Greater Harrisburg's Community Magazine

Harrisburg set to finalize bond deal, make payment to significantly reduce debt load

The Intergovernmental Cooperation Authority, at its meeting on Wednesday.

A contentious city bond deal is expected to close next week, allowing Harrisburg to retire a large chunk of its substantial debt load.

At a meeting on Wednesday, city financial advisor Dan Connelly said that Harrisburg would pay off the remaining $5 million on a 2005 bond issue that funded upgrades to the city-owned minor league baseball stadium on City Island.

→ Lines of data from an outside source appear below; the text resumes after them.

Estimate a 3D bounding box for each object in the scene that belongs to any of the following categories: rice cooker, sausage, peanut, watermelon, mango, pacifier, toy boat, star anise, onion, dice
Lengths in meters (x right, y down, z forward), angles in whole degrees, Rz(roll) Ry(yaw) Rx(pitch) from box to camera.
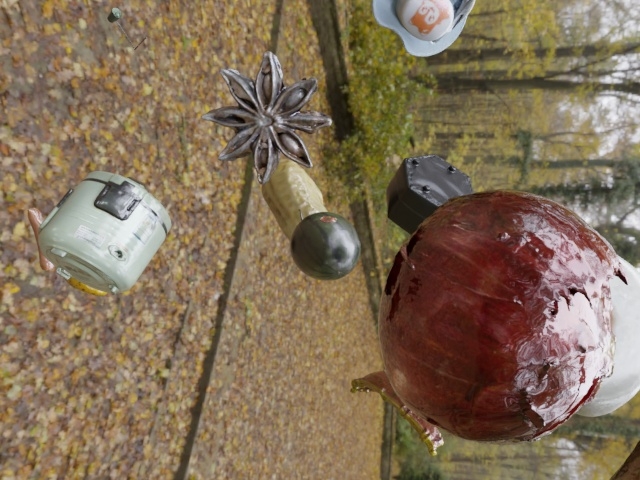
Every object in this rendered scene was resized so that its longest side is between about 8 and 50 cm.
[{"bbox_3d":[-0.454,-0.025,1.065,0.244,0.226,0.226,-62,155,-29],"label":"rice cooker"},{"bbox_3d":[-0.765,-0.002,1.362,0.047,0.040,0.177,-22,105,-59],"label":"sausage"},{"bbox_3d":[-0.064,-0.100,1.634,0.192,0.169,0.387,4,53,-57],"label":"peanut"},{"bbox_3d":[0.000,0.000,0.755,0.133,0.105,0.105,51,-9,29],"label":"watermelon"},{"bbox_3d":[-0.571,0.098,1.215,0.057,0.114,0.079,-52,-157,0],"label":"mango"},{"bbox_3d":[0.269,-0.668,1.366,0.299,0.244,0.233,29,25,-36],"label":"pacifier"},{"bbox_3d":[0.186,0.389,1.191,0.141,0.318,0.099,31,85,-32],"label":"toy boat"},{"bbox_3d":[-0.096,-0.231,0.963,0.223,0.236,0.109,-61,176,13],"label":"star anise"},{"bbox_3d":[0.188,0.080,0.550,0.276,0.276,0.276,2,90,-77],"label":"onion"},{"bbox_3d":[0.434,0.149,0.986,0.277,0.304,0.304,-61,177,-10],"label":"dice"}]

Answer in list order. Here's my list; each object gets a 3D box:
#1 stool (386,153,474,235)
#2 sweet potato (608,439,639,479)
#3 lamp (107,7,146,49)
[{"bbox_3d":[0.294,-0.115,1.332,0.141,0.232,0.232,118,-11,-47],"label":"stool"},{"bbox_3d":[0.489,0.316,0.688,0.109,0.385,0.109,61,-8,15],"label":"sweet potato"},{"bbox_3d":[-0.593,-0.638,1.503,0.121,0.054,0.041,46,43,-33],"label":"lamp"}]
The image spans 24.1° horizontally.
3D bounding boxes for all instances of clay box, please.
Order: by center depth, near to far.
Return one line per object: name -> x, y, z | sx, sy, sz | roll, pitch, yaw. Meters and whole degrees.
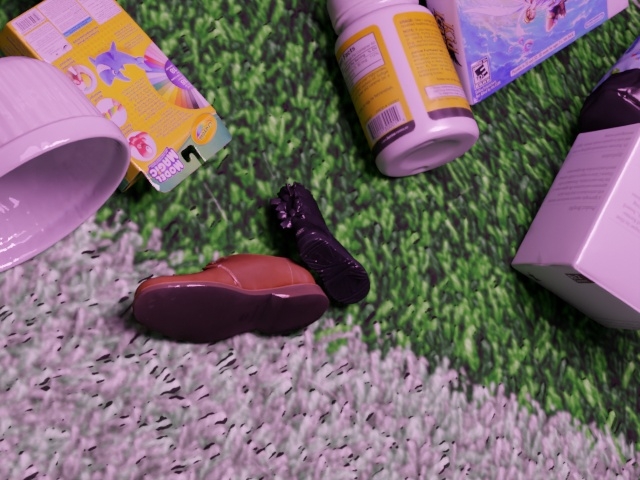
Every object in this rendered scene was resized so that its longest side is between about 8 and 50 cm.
clay box -> -0.203, -0.147, 1.483 | 0.222, 0.053, 0.127 | 49, 48, -2

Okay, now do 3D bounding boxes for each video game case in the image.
video game case -> 0.236, -0.324, 1.726 | 0.269, 0.061, 0.244 | -34, 129, -24

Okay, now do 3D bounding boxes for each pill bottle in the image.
pill bottle -> 0.086, -0.186, 1.653 | 0.119, 0.119, 0.208 | -8, 71, -36

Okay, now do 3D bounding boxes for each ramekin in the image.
ramekin -> -0.279, -0.067, 1.299 | 0.207, 0.207, 0.109 | -24, 72, -39

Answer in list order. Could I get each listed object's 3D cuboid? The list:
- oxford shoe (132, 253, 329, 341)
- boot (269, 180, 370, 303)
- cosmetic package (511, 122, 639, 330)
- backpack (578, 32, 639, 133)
oxford shoe -> -0.096, 0.049, 1.450 | 0.212, 0.076, 0.076 | 1, 46, -40
boot -> 0.000, 0.001, 1.536 | 0.121, 0.045, 0.099 | 45, 13, -41
cosmetic package -> 0.340, -0.012, 1.668 | 0.151, 0.151, 0.183 | 31, 80, -16
backpack -> 0.494, -0.188, 1.861 | 0.290, 0.273, 0.355 | 37, 69, -6
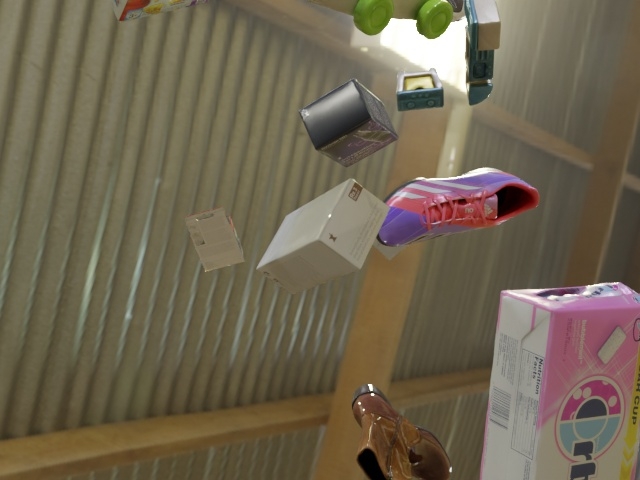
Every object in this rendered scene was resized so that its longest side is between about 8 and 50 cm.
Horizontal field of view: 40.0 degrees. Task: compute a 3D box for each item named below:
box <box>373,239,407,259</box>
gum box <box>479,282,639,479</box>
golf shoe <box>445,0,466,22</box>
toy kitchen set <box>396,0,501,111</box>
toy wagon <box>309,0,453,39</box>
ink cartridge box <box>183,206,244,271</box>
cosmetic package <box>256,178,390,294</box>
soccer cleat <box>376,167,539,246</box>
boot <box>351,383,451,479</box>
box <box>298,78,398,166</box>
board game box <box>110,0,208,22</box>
[{"bbox_3d":[0.179,-0.030,2.074,0.087,0.102,0.101,43,-135,-4],"label":"box"},{"bbox_3d":[0.190,0.124,0.678,0.107,0.062,0.188,0,-80,-28],"label":"gum box"},{"bbox_3d":[0.196,-0.459,1.652,0.094,0.198,0.077,-37,-44,-28],"label":"golf shoe"},{"bbox_3d":[0.206,-0.303,1.464,0.207,0.166,0.122,81,-174,-47],"label":"toy kitchen set"},{"bbox_3d":[0.012,-0.363,1.206,0.344,0.267,0.068,-8,-52,-41],"label":"toy wagon"},{"bbox_3d":[-0.157,-0.008,1.297,0.029,0.062,0.115,-104,-2,-47],"label":"ink cartridge box"},{"bbox_3d":[0.000,0.000,1.343,0.085,0.231,0.117,36,-114,-17],"label":"cosmetic package"},{"bbox_3d":[0.236,-0.057,1.525,0.318,0.116,0.109,-15,-70,-31],"label":"soccer cleat"},{"bbox_3d":[0.161,0.405,1.600,0.264,0.096,0.280,53,-173,-12],"label":"boot"},{"bbox_3d":[0.068,-0.267,2.034,0.207,0.153,0.108,15,-131,-66],"label":"box"},{"bbox_3d":[-0.186,-0.409,1.093,0.142,0.275,0.144,-21,-93,-27],"label":"board game box"}]
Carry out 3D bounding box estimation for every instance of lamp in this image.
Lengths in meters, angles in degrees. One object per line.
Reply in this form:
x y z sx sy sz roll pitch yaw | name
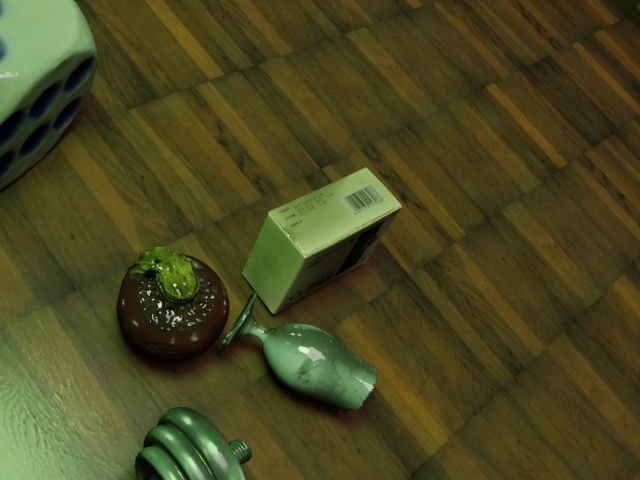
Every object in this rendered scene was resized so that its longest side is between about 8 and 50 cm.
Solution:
-0.201 0.085 1.027 0.157 0.135 0.156 24 52 -13 | lamp

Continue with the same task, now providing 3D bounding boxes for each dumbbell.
-0.245 0.332 0.818 0.406 0.179 0.179 -25 72 -35 | dumbbell

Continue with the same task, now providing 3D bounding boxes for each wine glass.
-0.029 0.168 1.079 0.222 0.103 0.103 30 51 -4 | wine glass

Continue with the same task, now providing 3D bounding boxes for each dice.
-0.489 -0.237 1.036 0.251 0.243 0.259 35 48 -1 | dice

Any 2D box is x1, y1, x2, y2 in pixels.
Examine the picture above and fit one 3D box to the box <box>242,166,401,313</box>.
0.000 0.000 1.159 0.212 0.168 0.095 -28 70 -36 | box
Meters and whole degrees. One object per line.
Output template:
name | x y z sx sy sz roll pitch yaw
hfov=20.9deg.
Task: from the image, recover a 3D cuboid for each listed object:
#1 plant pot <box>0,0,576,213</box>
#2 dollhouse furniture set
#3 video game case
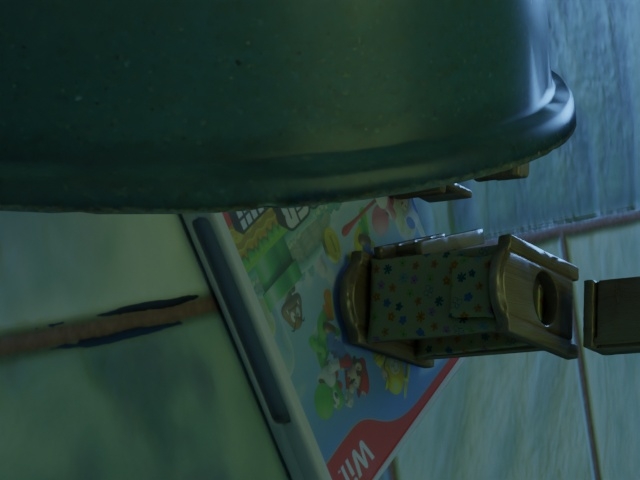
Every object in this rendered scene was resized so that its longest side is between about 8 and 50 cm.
plant pot | -0.070 -0.213 0.638 0.341 0.341 0.334 -24 118 -56
dollhouse furniture set | 0.116 -0.015 1.044 0.101 0.182 0.161 22 66 -53
video game case | 0.000 0.000 1.056 0.204 0.025 0.285 -47 122 -50
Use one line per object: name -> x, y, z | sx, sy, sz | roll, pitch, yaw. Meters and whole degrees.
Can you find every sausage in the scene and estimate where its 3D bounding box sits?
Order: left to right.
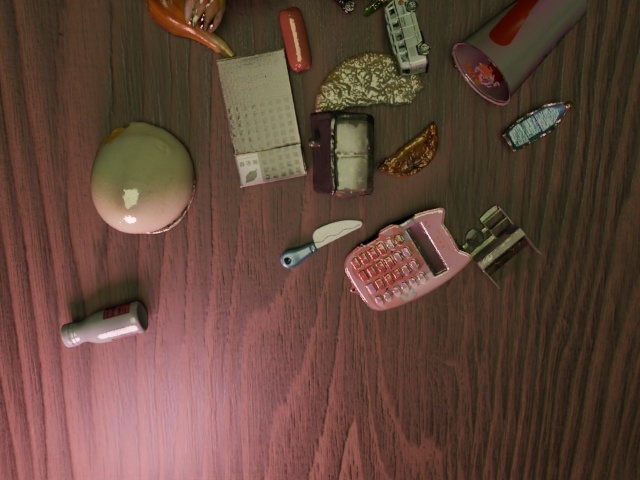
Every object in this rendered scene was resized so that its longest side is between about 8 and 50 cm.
sausage -> -0.061, -0.502, 1.458 | 0.062, 0.062, 0.154 | -12, 101, 2

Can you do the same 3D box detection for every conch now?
conch -> -0.349, -0.563, 1.427 | 0.330, 0.093, 0.109 | 41, 91, -9

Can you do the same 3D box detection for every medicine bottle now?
medicine bottle -> -0.587, 0.232, 1.583 | 0.217, 0.090, 0.090 | -14, 101, 3

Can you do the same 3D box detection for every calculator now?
calculator -> 0.223, 0.055, 1.577 | 0.330, 0.048, 0.220 | -30, 102, 11

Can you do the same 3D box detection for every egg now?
egg -> -0.455, -0.150, 1.468 | 0.264, 0.174, 0.286 | 18, 97, -8

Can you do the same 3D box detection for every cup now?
cup -> 0.490, -0.498, 1.416 | 0.288, 0.203, 0.203 | -42, 99, 1

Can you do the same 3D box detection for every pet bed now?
pet bed -> 0.046, -0.214, 1.455 | 0.159, 0.183, 0.211 | 0, 102, -5

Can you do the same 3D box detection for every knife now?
knife -> -0.002, -0.002, 1.579 | 0.244, 0.032, 0.058 | -32, 91, 1

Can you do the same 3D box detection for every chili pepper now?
chili pepper -> 0.143, -0.588, 1.441 | 0.030, 0.091, 0.034 | 32, 62, -27

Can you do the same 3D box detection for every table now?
table -> 0.480, 0.017, 1.571 | 0.146, 0.062, 0.175 | -42, 102, 7

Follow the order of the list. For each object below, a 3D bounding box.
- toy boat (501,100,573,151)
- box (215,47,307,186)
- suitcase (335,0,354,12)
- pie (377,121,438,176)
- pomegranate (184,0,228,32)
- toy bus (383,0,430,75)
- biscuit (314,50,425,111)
toy boat -> 0.560, -0.300, 1.500 | 0.185, 0.077, 0.075 | -31, 99, 5
box -> -0.149, -0.313, 1.503 | 0.180, 0.047, 0.325 | -10, 100, 2
suitcase -> 0.031, -0.703, 1.349 | 0.128, 0.202, 0.312 | -28, 101, 4
pie -> 0.243, -0.222, 1.534 | 0.191, 0.033, 0.088 | -37, 106, 0
pomegranate -> -0.215, -0.642, 1.333 | 0.285, 0.285, 0.340 | 28, 116, -6
toy bus -> 0.211, -0.506, 1.436 | 0.089, 0.087, 0.194 | -15, 87, 7
biscuit -> 0.123, -0.410, 1.492 | 0.290, 0.038, 0.141 | -6, 101, -1
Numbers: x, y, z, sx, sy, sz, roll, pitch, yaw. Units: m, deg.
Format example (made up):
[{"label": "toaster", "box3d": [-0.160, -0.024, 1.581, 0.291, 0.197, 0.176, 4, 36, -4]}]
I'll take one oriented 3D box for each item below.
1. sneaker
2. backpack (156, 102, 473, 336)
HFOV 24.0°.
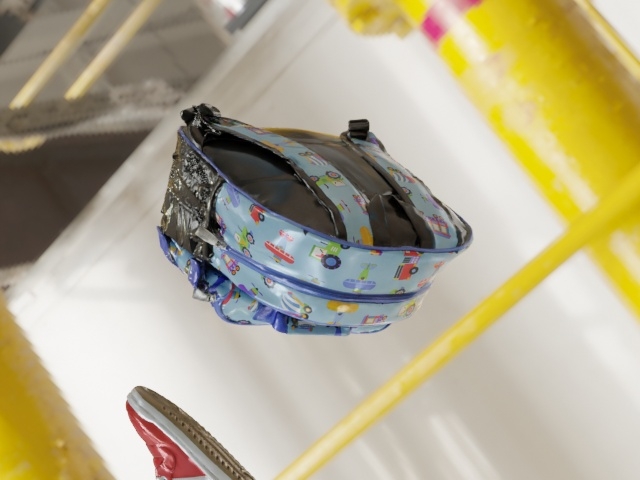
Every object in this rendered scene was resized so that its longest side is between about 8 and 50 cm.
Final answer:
[{"label": "sneaker", "box3d": [-0.062, 0.126, 0.692, 0.118, 0.067, 0.042, 46, -178, -6]}, {"label": "backpack", "box3d": [0.000, 0.000, 0.908, 0.158, 0.117, 0.173, 3, -158, -34]}]

In addition, the city plans to make a lump-sum pre-payment of $4 million to offset additional debt incurred during its financial crisis, after the city defaulted on general obligation bonds initially issued in 1997, Connelly told members of the Intergovernmental Cooperation Authority (ICA), the city’s state-appointed financial oversight body.

Harrisburg’s bond insurer, Ambac Assurance Corp., offered the city incentives to retire the stadium bonds and reduce the remaining debt load. At the close of the deal, expected on Tuesday, the city will make a $9 million cash outlay and, in return, receive $13.1 million in total debt reduction, Connelly explained. The debt reduction includes the city’s upfront payments, plus Ambac’s debt forgiveness incentive.

“This will be a major accomplishment,” said Connelly, who’s been acting as the city’s representative on the ICA for the past few months.

After the deal is closed, the city still will owe about $19.1 million in general obligation debt. Under the terms of the deal with Ambac, the city’s interest rate on that remaining debt will be reduced from 6.75% to 5.25% for three years.

“This is great news, a great development,” said ICA vice-chair Ralph Vartan.

Notably, the Ambac deal excludes a refinancing of the remaining debt load originally planned by the city administration.

Mayor Eric Papenfuse wanted to refinance the remaining debt over a 10-year period at a still-lower interest rate, in the 3.25% to 3.5% range, which, he believed, would earn the city a credit rating and allow it to again access the bond market.

City Council members, however, rejected that proposal, stating that they preferred to use the city’s cash balance to pay off the remaining debt faster.

At a meeting in October, city Controller Charlie DeBrunner told ICA members that the city should wait until next year to decide exactly how it wants to pay off the remaining debt, once it sees how much cash it has on hand.

He said that he expected the city to end fiscal year 2021 with about $24 million in the bank, following the close of the Ambac deal.

“We’re not emboldened to do anything right away,” he said. “So, I don’t think we need to do something Jan. 1. Why don’t we wait and see what is real, say March? If these [revenues] are coming in the way I think they’re going to, then we can start writing some big checks.”

Mayor-Elect Wanda Williams, the current City Council president, has repeatedly advocated retiring the city’s debt load as quickly as possible.

At the October ICA meeting, DeBrunner praised the elements of the deal that the city now is about to sign off on.

“I don’t want to be somebody who looks to be a chronic complainer either. I think this deal is really good,” he said. “I’m really pleased we have this deal. So, I’m glad we’re paying it off.”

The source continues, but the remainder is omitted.